→ ASSIGNMENT: Repeat the entries below exactly. Drop the pictures.

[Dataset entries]
----------

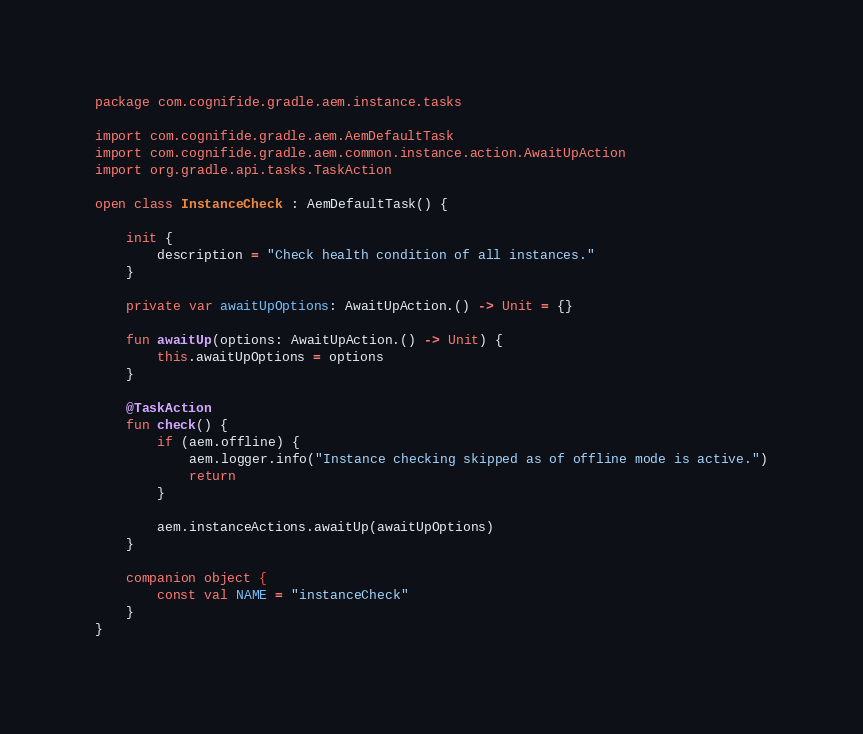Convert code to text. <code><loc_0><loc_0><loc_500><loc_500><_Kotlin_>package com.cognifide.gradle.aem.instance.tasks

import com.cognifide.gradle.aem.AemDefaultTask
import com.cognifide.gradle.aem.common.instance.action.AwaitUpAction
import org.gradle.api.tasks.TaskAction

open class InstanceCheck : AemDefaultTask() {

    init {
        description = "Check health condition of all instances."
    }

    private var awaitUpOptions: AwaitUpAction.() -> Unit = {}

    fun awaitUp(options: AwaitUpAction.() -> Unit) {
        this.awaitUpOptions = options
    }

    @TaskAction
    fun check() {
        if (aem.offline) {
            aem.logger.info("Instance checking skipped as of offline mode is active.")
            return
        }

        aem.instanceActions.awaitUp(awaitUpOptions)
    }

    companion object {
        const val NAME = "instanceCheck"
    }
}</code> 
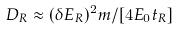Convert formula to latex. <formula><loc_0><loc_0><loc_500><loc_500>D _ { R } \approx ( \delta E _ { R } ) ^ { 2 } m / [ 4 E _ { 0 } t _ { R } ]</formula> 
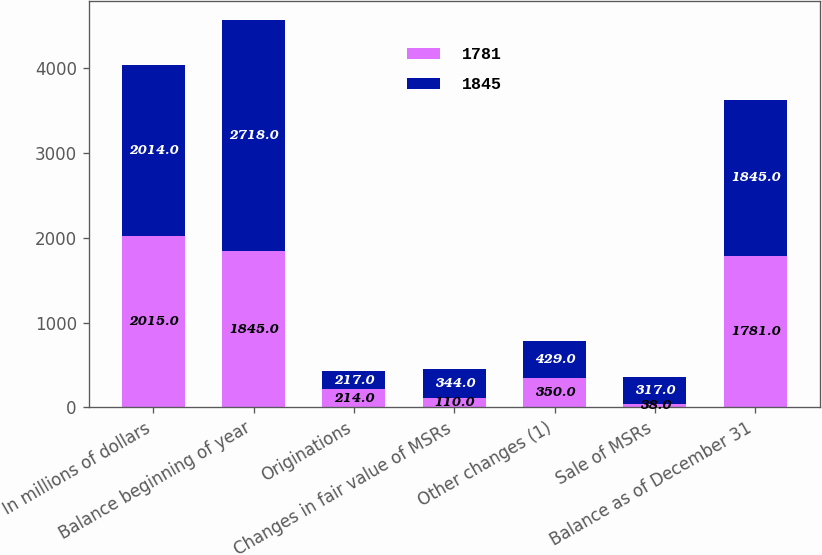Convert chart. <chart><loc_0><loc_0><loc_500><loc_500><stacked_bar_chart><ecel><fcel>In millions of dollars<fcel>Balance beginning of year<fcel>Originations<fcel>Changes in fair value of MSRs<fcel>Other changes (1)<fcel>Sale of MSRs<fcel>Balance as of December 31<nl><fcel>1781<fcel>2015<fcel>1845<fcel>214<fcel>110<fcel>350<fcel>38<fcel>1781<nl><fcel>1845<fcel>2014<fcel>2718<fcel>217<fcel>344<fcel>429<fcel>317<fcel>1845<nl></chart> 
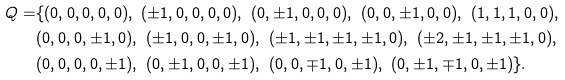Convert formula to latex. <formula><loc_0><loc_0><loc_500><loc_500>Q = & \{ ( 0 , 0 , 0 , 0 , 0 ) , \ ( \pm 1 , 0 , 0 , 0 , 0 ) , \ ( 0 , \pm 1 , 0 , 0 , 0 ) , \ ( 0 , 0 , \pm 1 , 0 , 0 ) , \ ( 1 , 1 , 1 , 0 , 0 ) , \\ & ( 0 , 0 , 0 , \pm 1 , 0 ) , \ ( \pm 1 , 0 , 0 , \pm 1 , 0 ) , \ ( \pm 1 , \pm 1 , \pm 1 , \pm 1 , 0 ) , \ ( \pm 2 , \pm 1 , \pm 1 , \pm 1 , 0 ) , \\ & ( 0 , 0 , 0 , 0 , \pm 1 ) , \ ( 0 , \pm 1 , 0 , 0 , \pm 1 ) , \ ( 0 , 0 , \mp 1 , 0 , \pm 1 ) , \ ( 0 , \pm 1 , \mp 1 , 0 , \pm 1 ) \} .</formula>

----------

→ REPLY:
Convert code to text. <code><loc_0><loc_0><loc_500><loc_500><_Kotlin_>package com.cognifide.gradle.aem.instance.tasks

import com.cognifide.gradle.aem.AemDefaultTask
import com.cognifide.gradle.aem.common.instance.action.AwaitUpAction
import org.gradle.api.tasks.TaskAction

open class InstanceCheck : AemDefaultTask() {

    init {
        description = "Check health condition of all instances."
    }

    private var awaitUpOptions: AwaitUpAction.() -> Unit = {}

    fun awaitUp(options: AwaitUpAction.() -> Unit) {
        this.awaitUpOptions = options
    }

    @TaskAction
    fun check() {
        if (aem.offline) {
            aem.logger.info("Instance checking skipped as of offline mode is active.")
            return
        }

        aem.instanceActions.awaitUp(awaitUpOptions)
    }

    companion object {
        const val NAME = "instanceCheck"
    }
}</code> 
Convert formula to latex. <formula><loc_0><loc_0><loc_500><loc_500>D _ { R } \approx ( \delta E _ { R } ) ^ { 2 } m / [ 4 E _ { 0 } t _ { R } ]</formula> 
Convert chart. <chart><loc_0><loc_0><loc_500><loc_500><stacked_bar_chart><ecel><fcel>In millions of dollars<fcel>Balance beginning of year<fcel>Originations<fcel>Changes in fair value of MSRs<fcel>Other changes (1)<fcel>Sale of MSRs<fcel>Balance as of December 31<nl><fcel>1781<fcel>2015<fcel>1845<fcel>214<fcel>110<fcel>350<fcel>38<fcel>1781<nl><fcel>1845<fcel>2014<fcel>2718<fcel>217<fcel>344<fcel>429<fcel>317<fcel>1845<nl></chart> 
Convert formula to latex. <formula><loc_0><loc_0><loc_500><loc_500>Q = & \{ ( 0 , 0 , 0 , 0 , 0 ) , \ ( \pm 1 , 0 , 0 , 0 , 0 ) , \ ( 0 , \pm 1 , 0 , 0 , 0 ) , \ ( 0 , 0 , \pm 1 , 0 , 0 ) , \ ( 1 , 1 , 1 , 0 , 0 ) , \\ & ( 0 , 0 , 0 , \pm 1 , 0 ) , \ ( \pm 1 , 0 , 0 , \pm 1 , 0 ) , \ ( \pm 1 , \pm 1 , \pm 1 , \pm 1 , 0 ) , \ ( \pm 2 , \pm 1 , \pm 1 , \pm 1 , 0 ) , \\ & ( 0 , 0 , 0 , 0 , \pm 1 ) , \ ( 0 , \pm 1 , 0 , 0 , \pm 1 ) , \ ( 0 , 0 , \mp 1 , 0 , \pm 1 ) , \ ( 0 , \pm 1 , \mp 1 , 0 , \pm 1 ) \} .</formula>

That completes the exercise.